Problem to work on: From the data below, set down exactly the lines between the one holding "2. 4th harmonic" and the one holding "6. magnitude of", inclusive, and no others.
-.-.-
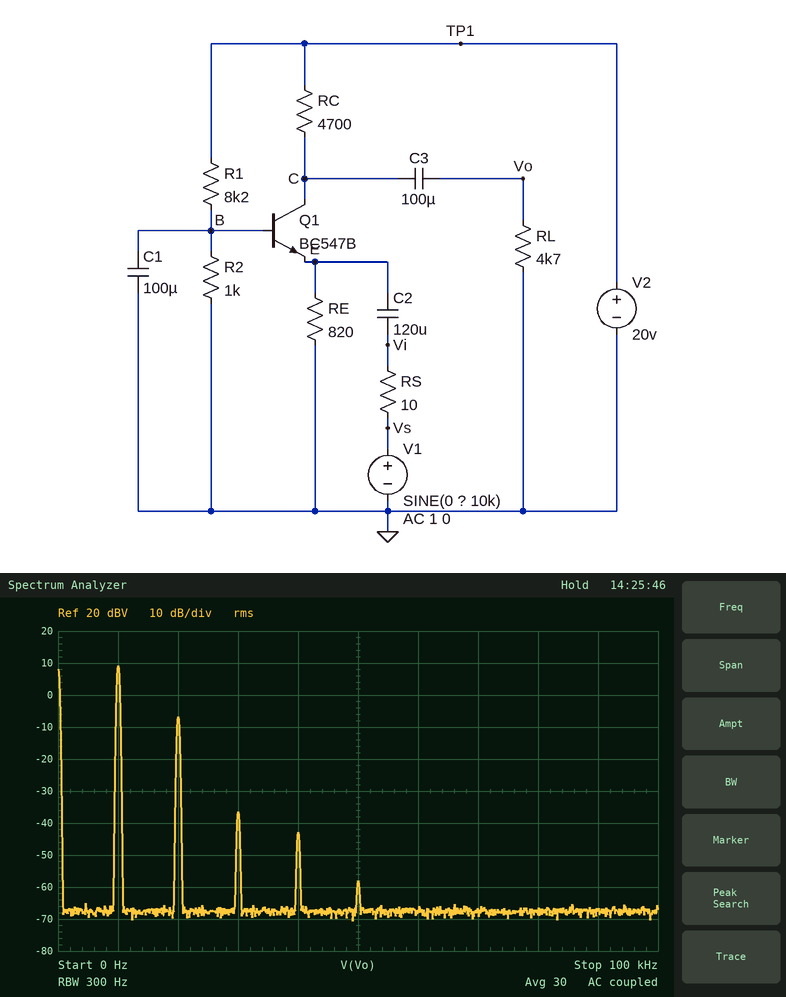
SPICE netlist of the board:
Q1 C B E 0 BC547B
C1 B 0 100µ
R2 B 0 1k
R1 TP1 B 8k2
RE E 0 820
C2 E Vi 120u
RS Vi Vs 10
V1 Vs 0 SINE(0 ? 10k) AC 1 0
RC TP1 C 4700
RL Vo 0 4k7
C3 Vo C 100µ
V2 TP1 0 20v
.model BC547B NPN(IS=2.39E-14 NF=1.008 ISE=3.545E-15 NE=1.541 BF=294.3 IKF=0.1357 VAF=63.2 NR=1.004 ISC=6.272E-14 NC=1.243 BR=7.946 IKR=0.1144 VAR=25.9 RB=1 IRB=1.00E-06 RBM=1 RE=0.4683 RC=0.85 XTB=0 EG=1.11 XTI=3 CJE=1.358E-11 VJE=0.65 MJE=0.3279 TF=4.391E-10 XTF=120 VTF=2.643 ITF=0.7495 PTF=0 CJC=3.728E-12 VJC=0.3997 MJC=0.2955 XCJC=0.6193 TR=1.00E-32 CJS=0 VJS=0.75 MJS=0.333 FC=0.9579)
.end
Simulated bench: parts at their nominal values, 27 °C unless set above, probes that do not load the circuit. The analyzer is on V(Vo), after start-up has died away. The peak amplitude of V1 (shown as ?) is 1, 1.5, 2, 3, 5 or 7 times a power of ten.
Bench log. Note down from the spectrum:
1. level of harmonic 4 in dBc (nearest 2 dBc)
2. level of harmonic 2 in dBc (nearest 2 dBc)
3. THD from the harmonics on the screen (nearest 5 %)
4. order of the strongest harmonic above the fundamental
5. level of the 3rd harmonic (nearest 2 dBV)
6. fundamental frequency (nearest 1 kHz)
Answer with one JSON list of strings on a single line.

["-52 dBc", "-16 dBc", "15 %", "2", "-36 dBV", "10 kHz"]
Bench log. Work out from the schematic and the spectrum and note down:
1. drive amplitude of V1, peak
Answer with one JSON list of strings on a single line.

["50 mV"]
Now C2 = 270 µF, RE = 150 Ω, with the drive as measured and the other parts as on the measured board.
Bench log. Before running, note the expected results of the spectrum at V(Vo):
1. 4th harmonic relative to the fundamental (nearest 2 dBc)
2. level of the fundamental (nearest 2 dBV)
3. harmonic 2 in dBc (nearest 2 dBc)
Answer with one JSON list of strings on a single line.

["-22 dBc", "-2 dBV", "-4 dBc"]
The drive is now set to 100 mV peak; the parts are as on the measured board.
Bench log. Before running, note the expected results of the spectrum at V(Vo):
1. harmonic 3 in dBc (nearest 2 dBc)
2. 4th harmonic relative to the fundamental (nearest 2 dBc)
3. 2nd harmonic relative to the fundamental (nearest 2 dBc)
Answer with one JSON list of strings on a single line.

["-34 dBc", "-34 dBc", "-10 dBc"]
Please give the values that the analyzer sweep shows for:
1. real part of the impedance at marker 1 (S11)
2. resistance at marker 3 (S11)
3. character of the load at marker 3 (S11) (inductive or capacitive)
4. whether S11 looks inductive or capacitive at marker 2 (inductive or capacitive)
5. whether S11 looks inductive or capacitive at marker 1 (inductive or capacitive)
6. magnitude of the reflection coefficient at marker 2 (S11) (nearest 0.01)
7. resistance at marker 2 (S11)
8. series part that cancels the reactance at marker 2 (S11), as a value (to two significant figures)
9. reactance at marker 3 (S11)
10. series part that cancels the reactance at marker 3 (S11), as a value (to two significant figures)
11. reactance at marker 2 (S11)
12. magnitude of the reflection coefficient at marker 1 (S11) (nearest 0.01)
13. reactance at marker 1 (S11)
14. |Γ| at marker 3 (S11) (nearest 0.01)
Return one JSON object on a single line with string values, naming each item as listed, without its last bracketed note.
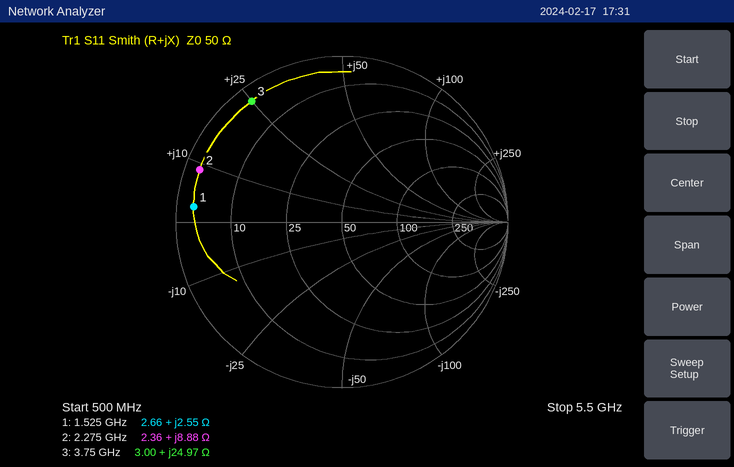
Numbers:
{"real part of the impedance at marker 1": "2.66 Ω", "resistance at marker 3": "3.00 Ω", "character of the load at marker 3 (S11)": "inductive", "whether S11 looks inductive or capacitive at marker 2": "inductive", "whether S11 looks inductive or capacitive at marker 1": "inductive", "magnitude of the reflection coefficient at marker 2 (S11)": "0.91", "resistance at marker 2": "2.36 Ω", "series part that cancels the reactance at marker 2 (S11), as a value": "7.9 pF", "reactance at marker 3": "+24.97 Ω", "series part that cancels the reactance at marker 3 (S11), as a value": "1.7 pF", "reactance at marker 2": "+8.88 Ω", "magnitude of the reflection coefficient at marker 1 (S11)": "0.90", "reactance at marker 1": "+2.55 Ω", "|Γ| at marker 3 (S11)": "0.91"}
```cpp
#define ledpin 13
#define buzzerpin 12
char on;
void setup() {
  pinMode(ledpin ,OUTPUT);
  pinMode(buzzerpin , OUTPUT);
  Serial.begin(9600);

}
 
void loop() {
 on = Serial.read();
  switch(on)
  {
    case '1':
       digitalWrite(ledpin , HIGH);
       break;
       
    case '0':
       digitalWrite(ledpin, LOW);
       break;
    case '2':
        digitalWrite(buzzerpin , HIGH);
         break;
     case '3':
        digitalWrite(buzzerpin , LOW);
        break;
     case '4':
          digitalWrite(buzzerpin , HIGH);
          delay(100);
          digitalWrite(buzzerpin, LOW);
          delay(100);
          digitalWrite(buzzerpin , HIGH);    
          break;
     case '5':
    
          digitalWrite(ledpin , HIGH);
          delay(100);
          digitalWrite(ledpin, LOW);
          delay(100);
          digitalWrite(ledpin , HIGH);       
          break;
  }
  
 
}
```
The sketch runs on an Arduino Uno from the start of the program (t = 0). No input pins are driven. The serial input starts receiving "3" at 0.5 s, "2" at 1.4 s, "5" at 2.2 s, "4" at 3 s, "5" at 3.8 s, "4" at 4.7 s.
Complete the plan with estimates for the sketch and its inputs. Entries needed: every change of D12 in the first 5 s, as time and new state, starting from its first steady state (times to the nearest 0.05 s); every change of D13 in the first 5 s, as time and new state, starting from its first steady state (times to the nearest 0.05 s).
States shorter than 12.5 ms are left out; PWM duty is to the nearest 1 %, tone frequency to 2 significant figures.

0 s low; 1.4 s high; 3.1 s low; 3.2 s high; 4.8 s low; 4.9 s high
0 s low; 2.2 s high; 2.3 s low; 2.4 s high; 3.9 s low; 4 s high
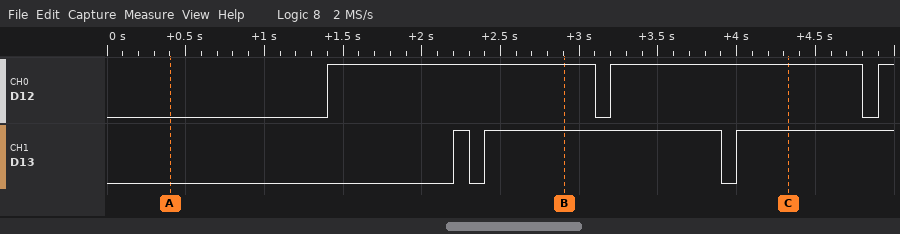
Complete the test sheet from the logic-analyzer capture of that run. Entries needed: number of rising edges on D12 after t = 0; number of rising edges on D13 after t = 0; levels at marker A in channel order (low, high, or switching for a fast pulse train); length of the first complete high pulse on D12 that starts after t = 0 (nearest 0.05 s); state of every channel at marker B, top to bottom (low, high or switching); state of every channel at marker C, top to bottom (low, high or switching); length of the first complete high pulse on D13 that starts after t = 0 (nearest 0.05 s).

3
3
D12 low, D13 low
1.70 s
D12 high, D13 high
D12 high, D13 high
0.10 s
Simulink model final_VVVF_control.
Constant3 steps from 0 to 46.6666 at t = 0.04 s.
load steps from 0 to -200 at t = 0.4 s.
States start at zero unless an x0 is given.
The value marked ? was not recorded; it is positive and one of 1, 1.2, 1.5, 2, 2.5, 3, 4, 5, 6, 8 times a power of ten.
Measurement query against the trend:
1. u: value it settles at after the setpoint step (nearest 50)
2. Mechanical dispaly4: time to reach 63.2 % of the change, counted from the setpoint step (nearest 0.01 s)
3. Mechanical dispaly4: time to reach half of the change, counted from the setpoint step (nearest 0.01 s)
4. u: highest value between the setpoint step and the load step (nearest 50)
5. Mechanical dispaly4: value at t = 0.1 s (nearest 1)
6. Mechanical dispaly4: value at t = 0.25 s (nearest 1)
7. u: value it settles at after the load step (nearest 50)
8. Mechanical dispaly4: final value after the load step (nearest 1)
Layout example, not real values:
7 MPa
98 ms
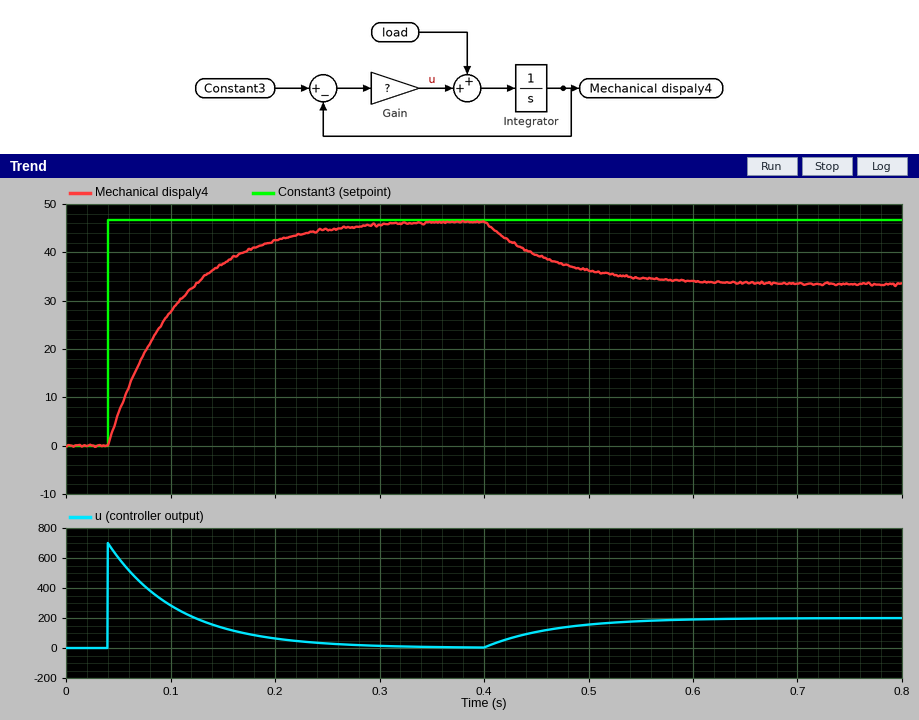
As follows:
0
0.07 s
0.05 s
700
28
45
200
33
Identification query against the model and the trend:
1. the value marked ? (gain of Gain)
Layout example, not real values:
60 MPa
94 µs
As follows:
15
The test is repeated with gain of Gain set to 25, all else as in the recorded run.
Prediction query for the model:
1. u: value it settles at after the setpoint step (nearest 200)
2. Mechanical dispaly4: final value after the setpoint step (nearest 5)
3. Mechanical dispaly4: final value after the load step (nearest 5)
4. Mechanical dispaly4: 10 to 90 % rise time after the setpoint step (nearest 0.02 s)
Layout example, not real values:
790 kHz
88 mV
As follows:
0
45
40
0.08 s
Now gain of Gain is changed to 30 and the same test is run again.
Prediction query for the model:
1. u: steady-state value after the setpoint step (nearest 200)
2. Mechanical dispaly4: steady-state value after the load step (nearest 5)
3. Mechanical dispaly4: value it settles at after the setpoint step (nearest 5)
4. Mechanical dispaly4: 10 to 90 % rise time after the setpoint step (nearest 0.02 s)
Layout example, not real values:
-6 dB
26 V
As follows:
0
40
45
0.08 s
-.-.-
Exercise response:
2. 4th harmonic relative to the fundamental (nearest 2 dBc)
3. 2nd harmonic relative to the fundamental (nearest 2 dBc)
Answer with one JSON list of strings on a single line.

["-34 dBc", "-34 dBc", "-10 dBc"]
Please give the values that the analyzer sweep shows for:
1. real part of the impedance at marker 1 (S11)
2. resistance at marker 3 (S11)
3. character of the load at marker 3 (S11) (inductive or capacitive)
4. whether S11 looks inductive or capacitive at marker 2 (inductive or capacitive)
5. whether S11 looks inductive or capacitive at marker 1 (inductive or capacitive)
6. magnitude of the reflection coefficient at marker 2 (S11) (nearest 0.01)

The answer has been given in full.